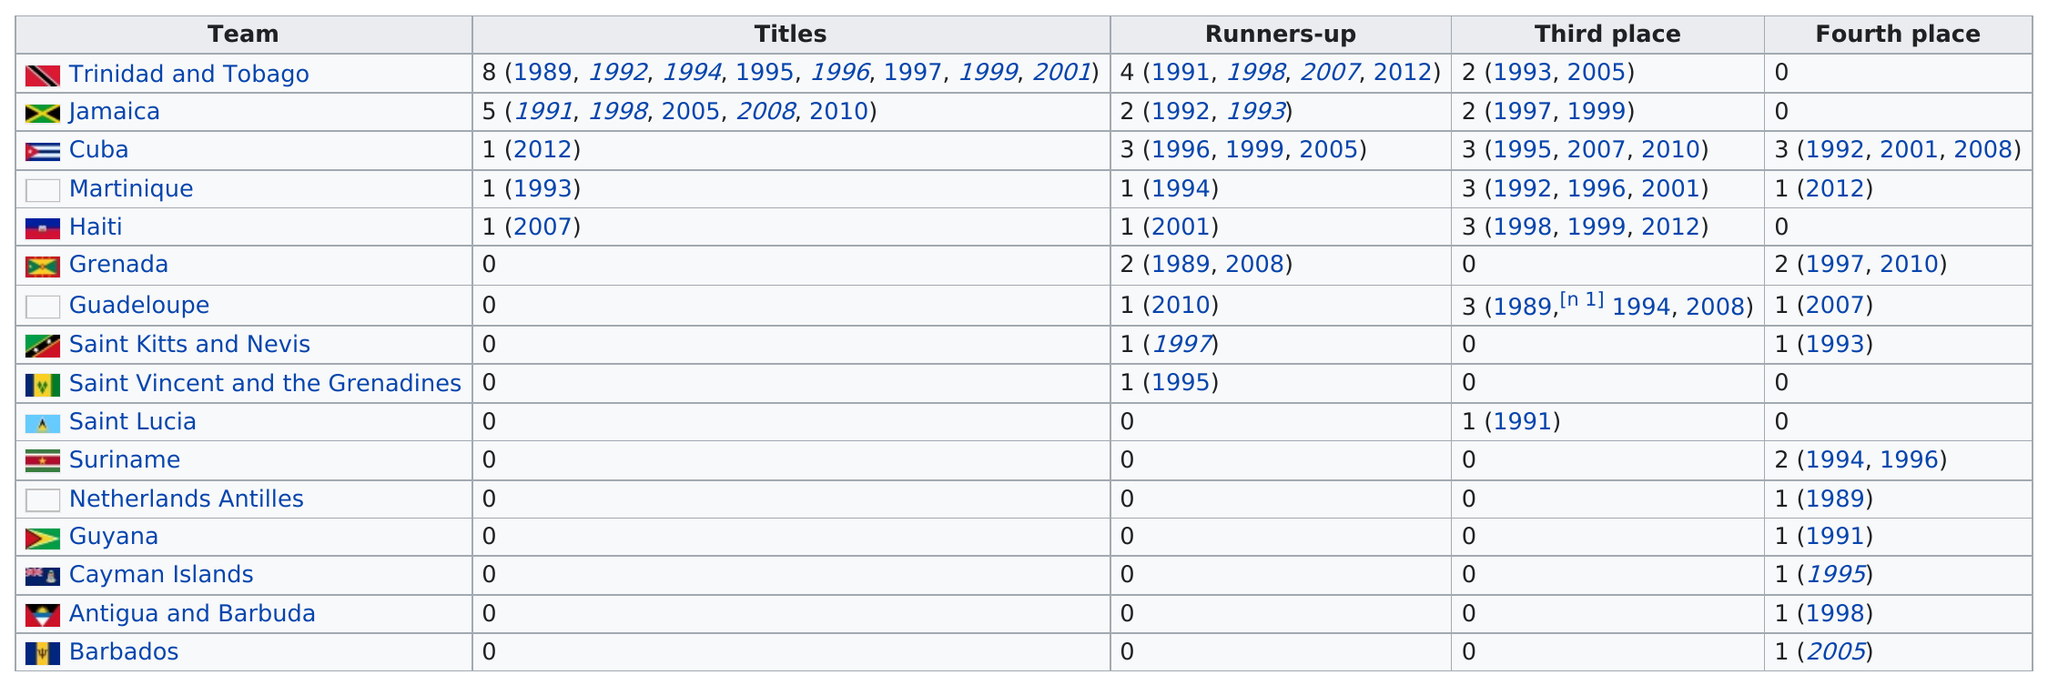Draw attention to some important aspects in this diagram. Jamaica has won three titles since Trinidad and Tobago's last title. Jamaica has the highest percentage of winning titles relative to runner-up finishes, indicating their dominance in the sport. The Caribbean Cup has been won by several teams, including Trinidad and Tobago, Jamaica, Cuba, Martinique, and Haiti. 
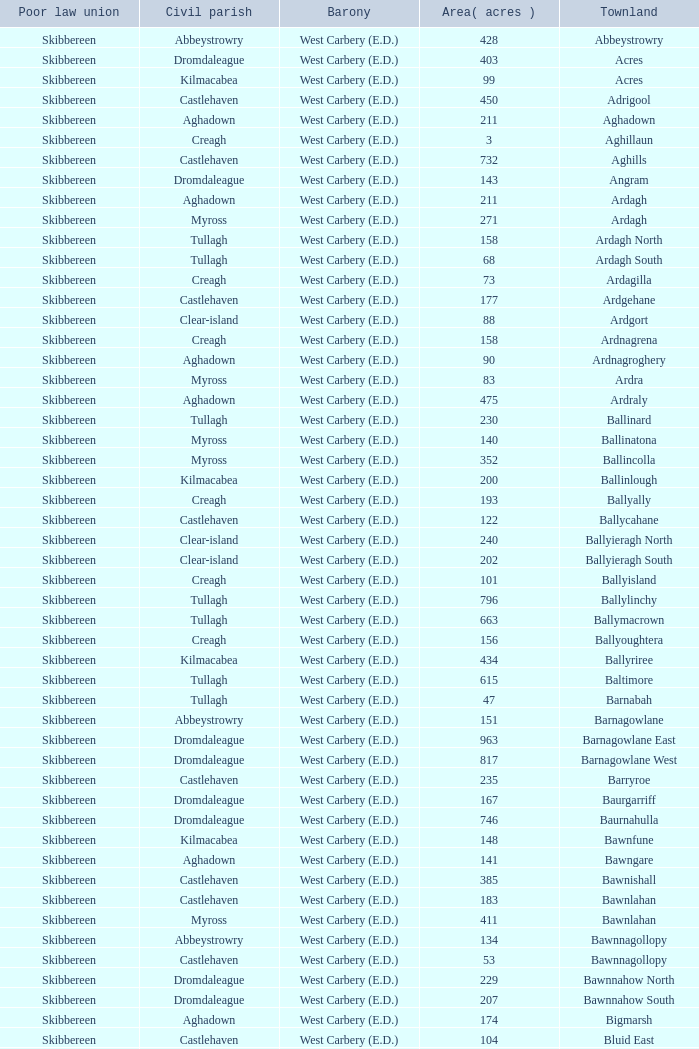What are the civil parishes of the Loughmarsh townland? Aghadown. 
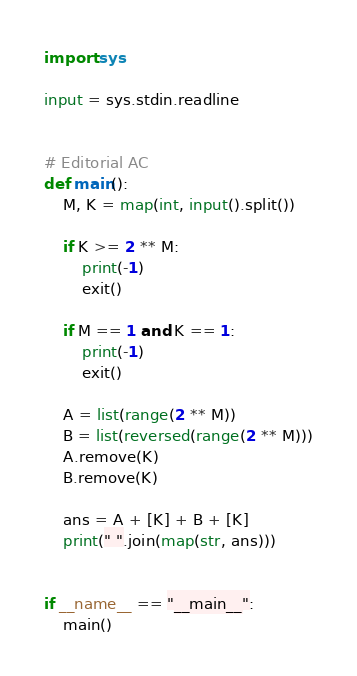Convert code to text. <code><loc_0><loc_0><loc_500><loc_500><_Python_>import sys

input = sys.stdin.readline


# Editorial AC
def main():
    M, K = map(int, input().split())

    if K >= 2 ** M:
        print(-1)
        exit()

    if M == 1 and K == 1:
        print(-1)
        exit()

    A = list(range(2 ** M))
    B = list(reversed(range(2 ** M)))
    A.remove(K)
    B.remove(K)

    ans = A + [K] + B + [K]
    print(" ".join(map(str, ans)))


if __name__ == "__main__":
    main()
</code> 
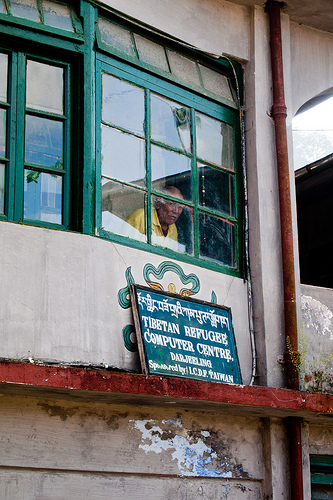<image>
Is the window behind the man? No. The window is not behind the man. From this viewpoint, the window appears to be positioned elsewhere in the scene. Where is the man in relation to the sign? Is it above the sign? Yes. The man is positioned above the sign in the vertical space, higher up in the scene. 
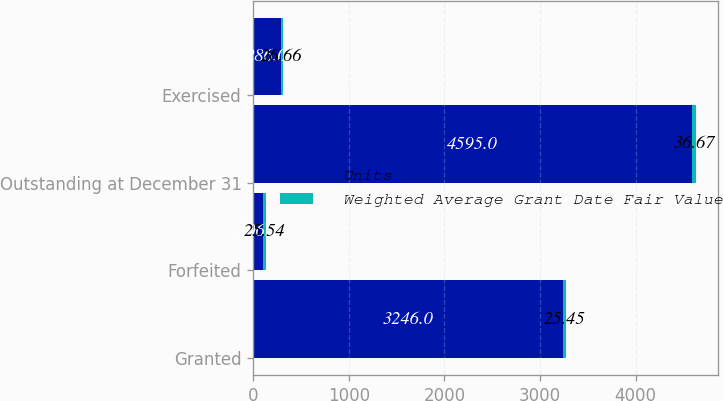<chart> <loc_0><loc_0><loc_500><loc_500><stacked_bar_chart><ecel><fcel>Granted<fcel>Forfeited<fcel>Outstanding at December 31<fcel>Exercised<nl><fcel>Units<fcel>3246<fcel>106<fcel>4595<fcel>286<nl><fcel>Weighted Average Grant Date Fair Value<fcel>25.45<fcel>25.54<fcel>36.67<fcel>26.66<nl></chart> 
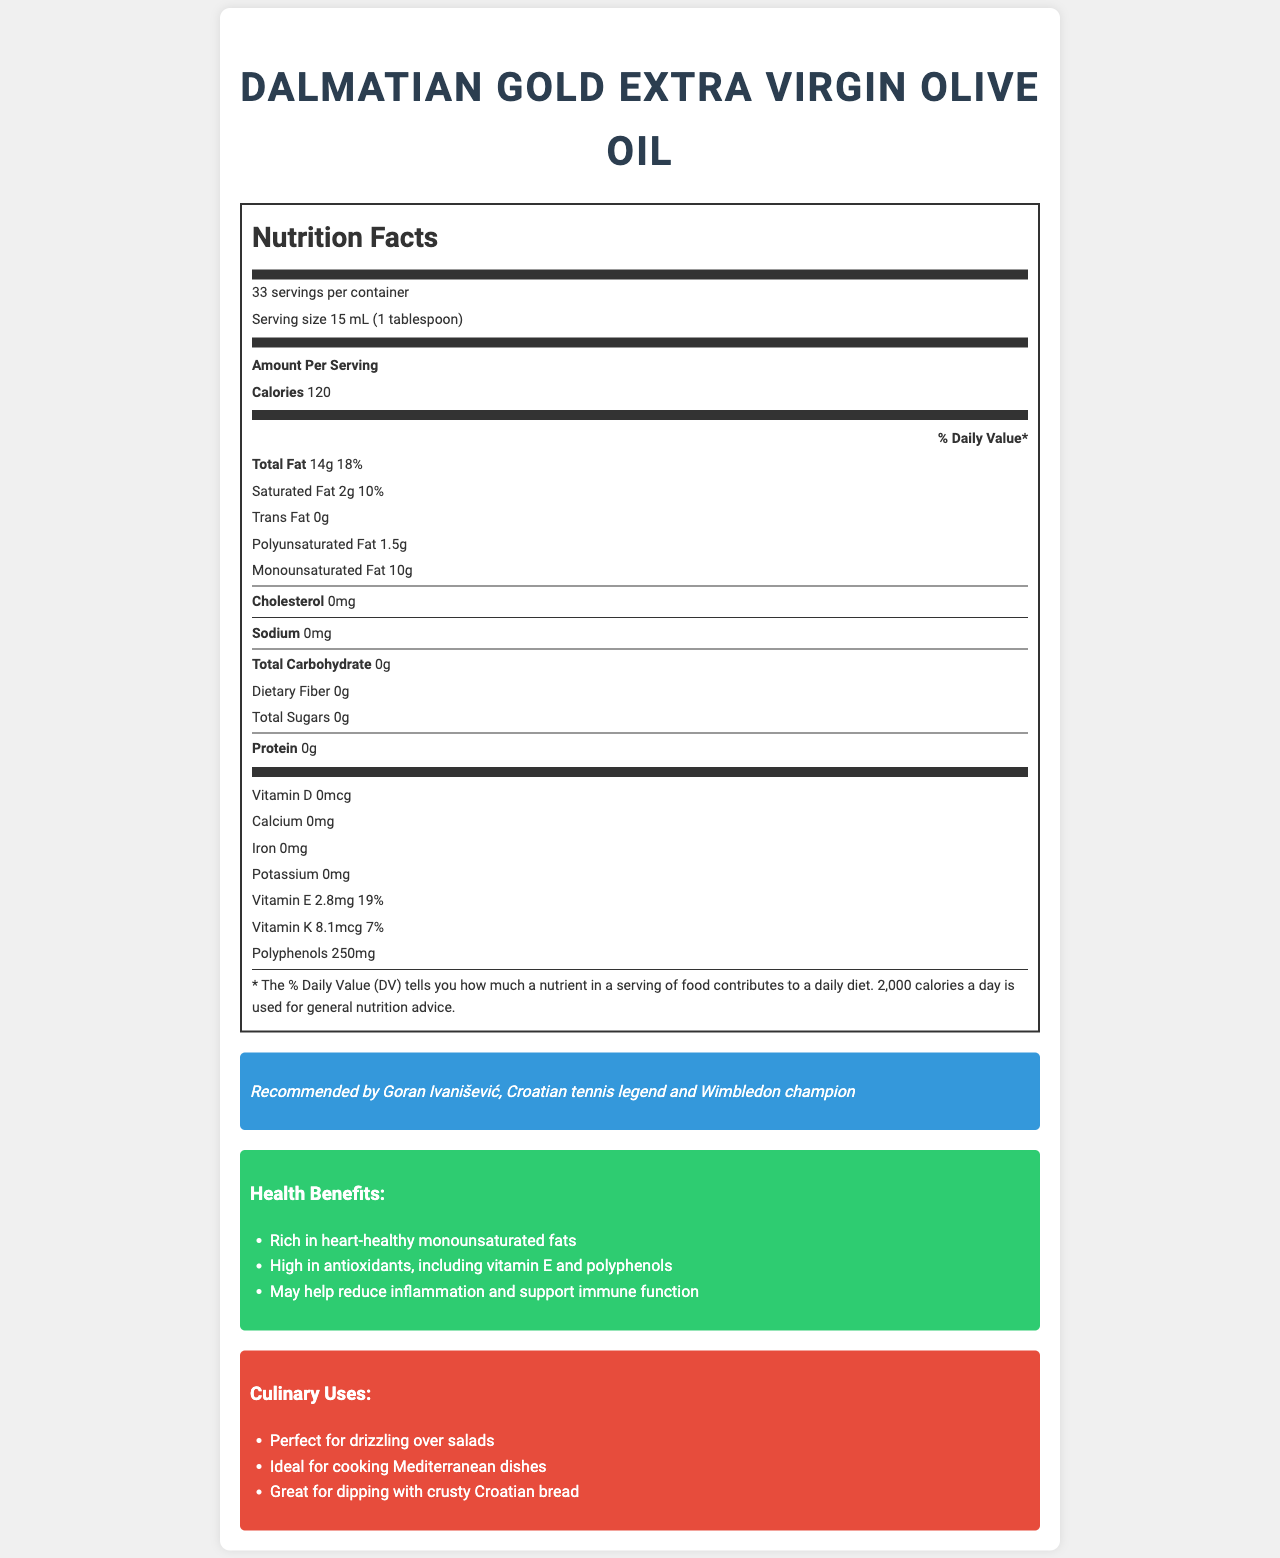what is the serving size of Dalmatian Gold Extra Virgin Olive Oil? The serving size is stated as "15 mL (1 tablespoon)" in the document.
Answer: 15 mL (1 tablespoon) how many calories are there per serving of the olive oil? The document specifies that there are 120 calories per serving.
Answer: 120 what percentage of the daily value of total fat is in one serving? The document indicates one serving contains 18% of the daily value for total fat.
Answer: 18% how much saturated fat does one serving of the olive oil contain? According to the document, one serving contains 2 grams of saturated fat.
Answer: 2g how much vitamin E is in a serving of the olive oil? The document states that there is 2.8 mg of Vitamin E per serving.
Answer: 2.8mg which of the following nutrients is NOT present in Dalmatian Gold Extra Virgin Olive Oil? A. Sodium B. Dietary Fiber C. Protein D. All of the above The document lists 0mg of Sodium, 0g of Dietary Fiber, and 0g of Protein, indicating none of these nutrients are present.
Answer: D what are the primary health benefits of this olive oil? The document outlines these health benefits explicitly in a section titled "Health Benefits".
Answer: Rich in heart-healthy monounsaturated fats, high in antioxidants, including vitamin E and polyphenols, may help reduce inflammation and support immune function where is this olive oil produced? A. Istria, Croatia B. Dalmatia, Croatia C. Tuscany, Italy The document mentions the olive oil's origin as Istria, Croatia.
Answer: A does this olive oil contain cholesterol? The document clearly shows "0mg" of cholesterol.
Answer: No summarize the key points of this Nutrition Facts label and additional details provided about the Dalmatian Gold Extra Virgin Olive Oil. This summary encapsulates the origin, nutritional breakdown, key health benefits, endorsements, and culinary uses listed in the document.
Answer: Dalmatian Gold Extra Virgin Olive Oil from Istria, Croatia, has 120 calories per serving, with 14g of total fat, including 2g of saturated fat. It contains heart-healthy monounsaturated fats and antioxidants like vitamin E (2.8mg) and polyphenols (250mg). The product does not contain cholesterol, sodium, carbohydrates, or protein. The oil is PDO certified, endorsed by Goran Ivanišević, and offers health benefits like reducing inflammation. It is ideal for Mediterranean dishes and best stored in a cool, dark place. what caution should be taken while storing this olive oil? The document advises on storage conditions to maintain the quality of the olive oil.
Answer: Store in a cool, dark place. Best consumed within 18 months of harvest date. when was the olive oil harvested? The harvest date is clearly stated as October 2022 in the document.
Answer: October 2022 what type of olives are used to produce Dalmatian Gold Extra Virgin Olive Oil? The document lists these specific olive varieties used.
Answer: Buža, Istarska bjelica, Leccino which Croatian tennis player recommends this olive oil? The document mentions the endorsement by Goran Ivanišević, citing him as a Wimbledon champion and Croatian tennis legend.
Answer: Goran Ivanišević can we determine the price of this olive oil from the document? The document does not provide any details regarding the price of the olive oil.
Answer: Not enough information

> **YOUR OBJECTIVE**
Return every line of the listing above that contains "details".

> **RESPONSE**
Answer: No summarize the key points of this Nutrition Facts label and additional details provided about the Dalmatian Gold Extra Virgin Olive Oil. This summary encapsulates the origin, nutritional breakdown, key health benefits, endorsements, and culinary uses listed in the document.
Answer: Goran Ivanišević can we determine the price of this olive oil from the document? The document does not provide any details regarding the price of the olive oil.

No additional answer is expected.